I know a lot of people just use 50/50. I would use spearmint, rather than peppermint, just because the spearmint is sweeter and to my nose, counterbalances the eucalyptus better.


----------



## Anita Martin (Dec 26, 2007)

I make soaps with both spearmint/eucalyptus, and peppermint/eucalyptus. They both sell very, very well. I use a 50/50 blend for each.

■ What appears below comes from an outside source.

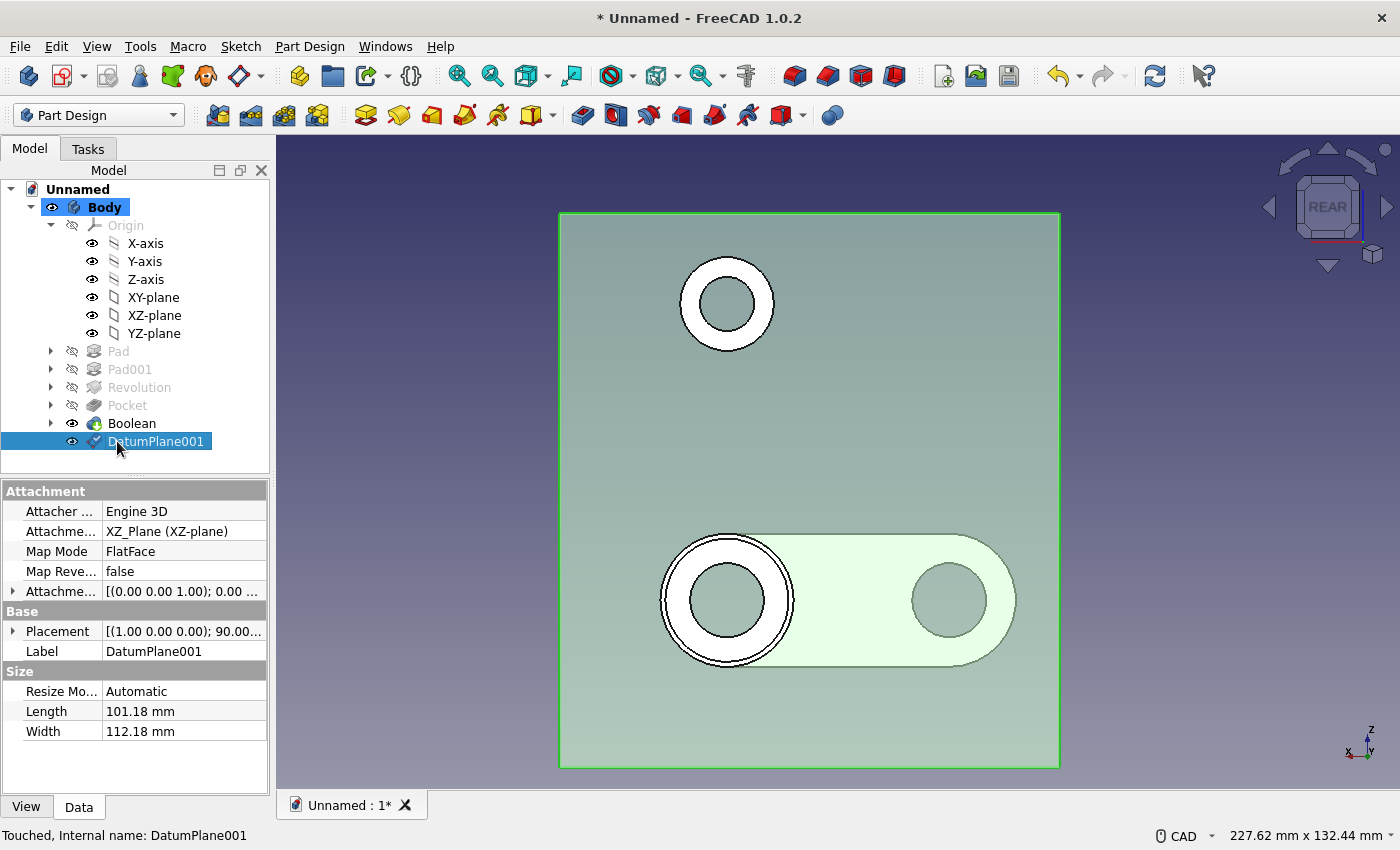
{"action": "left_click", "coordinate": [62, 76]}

The peppermint has basil flakes in it for color, and with the spearmint/eucalyptus, I use that for my dead sea salt soap with specks of green stuff...sometimes other soap shreds, this last itme I used kelp powder, and the top is covered with rose petals. (fyi, I did not like the kelp and probably won't use it again unless I get 25 little old ladies telling me they loved it because of the kelp It added too much oceany scent in my opinion.


----------



## hsmomof4 (Oct 31, 2008)

Oceany scent would be code for "It makes my soap smell like seaweed, and not fresh seaweed, either." :lol


----------



## Anita Martin (Dec 26, 2007)

Luckily, the peppermint and eucalyptus is strong enough to cover it up so far, but at first...yikes, I was scared! I only used a couple teaspoons in a little soap and swirled that in...what was I thinking? Oh, yeah, "dead sea salt soap". LOL I guess one doesn't really WANT a soap to smell like the dead sea


----------



## a4patch (Oct 7, 2009)

i put a touch of bay rum in with a ratio of 3/1 Eucalyptus / peppermint.


----------